+++ Dataset records +++

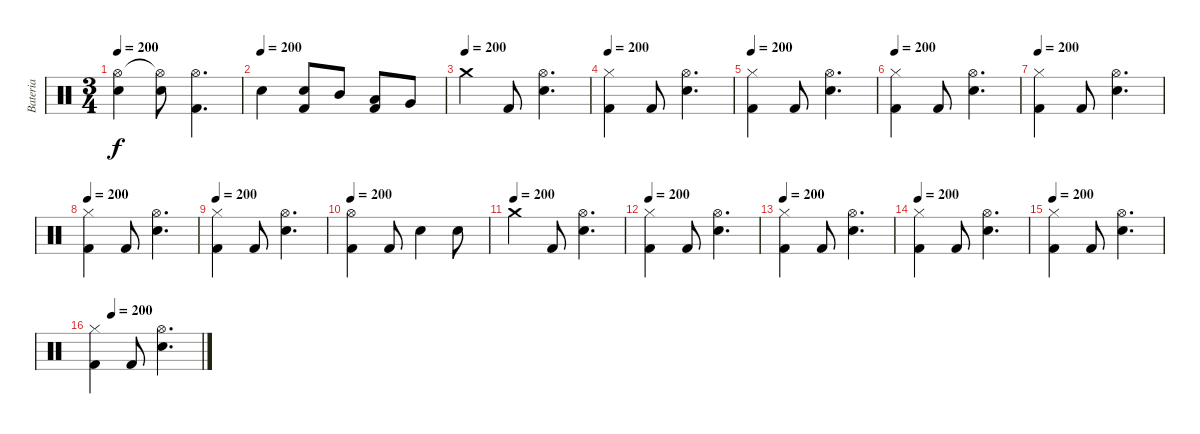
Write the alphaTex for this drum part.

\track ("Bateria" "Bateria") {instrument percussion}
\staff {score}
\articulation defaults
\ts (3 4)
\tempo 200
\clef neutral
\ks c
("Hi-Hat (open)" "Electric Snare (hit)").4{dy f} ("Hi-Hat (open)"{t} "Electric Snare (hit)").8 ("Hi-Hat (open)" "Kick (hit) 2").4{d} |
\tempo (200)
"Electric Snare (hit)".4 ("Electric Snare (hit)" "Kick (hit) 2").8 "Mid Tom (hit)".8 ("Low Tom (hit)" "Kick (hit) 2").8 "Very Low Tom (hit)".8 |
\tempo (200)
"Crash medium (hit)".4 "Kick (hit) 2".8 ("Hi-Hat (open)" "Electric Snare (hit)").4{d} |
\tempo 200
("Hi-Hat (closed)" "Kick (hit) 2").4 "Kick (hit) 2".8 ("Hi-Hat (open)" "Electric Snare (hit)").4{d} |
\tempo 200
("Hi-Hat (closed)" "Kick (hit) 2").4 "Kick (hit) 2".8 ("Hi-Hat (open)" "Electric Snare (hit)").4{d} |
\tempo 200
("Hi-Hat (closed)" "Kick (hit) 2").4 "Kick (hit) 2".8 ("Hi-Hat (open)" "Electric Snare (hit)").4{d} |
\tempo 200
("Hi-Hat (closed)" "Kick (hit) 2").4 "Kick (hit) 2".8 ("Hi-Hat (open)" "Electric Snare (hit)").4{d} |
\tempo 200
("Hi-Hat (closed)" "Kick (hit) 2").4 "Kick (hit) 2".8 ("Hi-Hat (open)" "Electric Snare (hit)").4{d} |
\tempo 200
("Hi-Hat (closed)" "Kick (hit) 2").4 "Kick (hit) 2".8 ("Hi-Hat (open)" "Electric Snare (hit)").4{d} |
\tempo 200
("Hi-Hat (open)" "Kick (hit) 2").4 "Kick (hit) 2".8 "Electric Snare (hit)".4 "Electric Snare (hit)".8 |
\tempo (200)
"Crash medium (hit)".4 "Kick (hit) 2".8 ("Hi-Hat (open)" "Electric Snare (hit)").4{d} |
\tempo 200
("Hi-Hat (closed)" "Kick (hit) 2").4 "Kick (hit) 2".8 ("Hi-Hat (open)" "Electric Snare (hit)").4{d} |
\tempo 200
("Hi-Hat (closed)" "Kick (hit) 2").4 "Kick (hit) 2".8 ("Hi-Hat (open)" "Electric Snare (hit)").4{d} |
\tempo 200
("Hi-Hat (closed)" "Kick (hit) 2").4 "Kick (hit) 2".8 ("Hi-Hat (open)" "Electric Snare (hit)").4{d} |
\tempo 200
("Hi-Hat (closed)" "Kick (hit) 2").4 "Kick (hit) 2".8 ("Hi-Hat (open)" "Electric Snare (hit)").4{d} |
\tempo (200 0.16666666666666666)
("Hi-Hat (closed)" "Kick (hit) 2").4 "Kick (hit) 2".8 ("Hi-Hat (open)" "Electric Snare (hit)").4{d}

+++

Work order
Each entry above is to be duplicated exactly, and its pictures omitted.

Answer for this exercise
Write the alphaTex for this drum part.

\track ("Bateria" "Bateria") {instrument percussion}
\staff {score}
\articulation defaults
\ts (3 4)
\tempo 200
\clef neutral
\ks c
("Hi-Hat (open)" "Electric Snare (hit)").4{dy f} ("Hi-Hat (open)"{t} "Electric Snare (hit)").8 ("Hi-Hat (open)" "Kick (hit) 2").4{d} |
\tempo (200)
"Electric Snare (hit)".4 ("Electric Snare (hit)" "Kick (hit) 2").8 "Mid Tom (hit)".8 ("Low Tom (hit)" "Kick (hit) 2").8 "Very Low Tom (hit)".8 |
\tempo (200)
"Crash medium (hit)".4 "Kick (hit) 2".8 ("Hi-Hat (open)" "Electric Snare (hit)").4{d} |
\tempo 200
("Hi-Hat (closed)" "Kick (hit) 2").4 "Kick (hit) 2".8 ("Hi-Hat (open)" "Electric Snare (hit)").4{d} |
\tempo 200
("Hi-Hat (closed)" "Kick (hit) 2").4 "Kick (hit) 2".8 ("Hi-Hat (open)" "Electric Snare (hit)").4{d} |
\tempo 200
("Hi-Hat (closed)" "Kick (hit) 2").4 "Kick (hit) 2".8 ("Hi-Hat (open)" "Electric Snare (hit)").4{d} |
\tempo 200
("Hi-Hat (closed)" "Kick (hit) 2").4 "Kick (hit) 2".8 ("Hi-Hat (open)" "Electric Snare (hit)").4{d} |
\tempo 200
("Hi-Hat (closed)" "Kick (hit) 2").4 "Kick (hit) 2".8 ("Hi-Hat (open)" "Electric Snare (hit)").4{d} |
\tempo 200
("Hi-Hat (closed)" "Kick (hit) 2").4 "Kick (hit) 2".8 ("Hi-Hat (open)" "Electric Snare (hit)").4{d} |
\tempo 200
("Hi-Hat (open)" "Kick (hit) 2").4 "Kick (hit) 2".8 "Electric Snare (hit)".4 "Electric Snare (hit)".8 |
\tempo (200)
"Crash medium (hit)".4 "Kick (hit) 2".8 ("Hi-Hat (open)" "Electric Snare (hit)").4{d} |
\tempo 200
("Hi-Hat (closed)" "Kick (hit) 2").4 "Kick (hit) 2".8 ("Hi-Hat (open)" "Electric Snare (hit)").4{d} |
\tempo 200
("Hi-Hat (closed)" "Kick (hit) 2").4 "Kick (hit) 2".8 ("Hi-Hat (open)" "Electric Snare (hit)").4{d} |
\tempo 200
("Hi-Hat (closed)" "Kick (hit) 2").4 "Kick (hit) 2".8 ("Hi-Hat (open)" "Electric Snare (hit)").4{d} |
\tempo 200
("Hi-Hat (closed)" "Kick (hit) 2").4 "Kick (hit) 2".8 ("Hi-Hat (open)" "Electric Snare (hit)").4{d} |
\tempo (200 0.16666666666666666)
("Hi-Hat (closed)" "Kick (hit) 2").4 "Kick (hit) 2".8 ("Hi-Hat (open)" "Electric Snare (hit)").4{d}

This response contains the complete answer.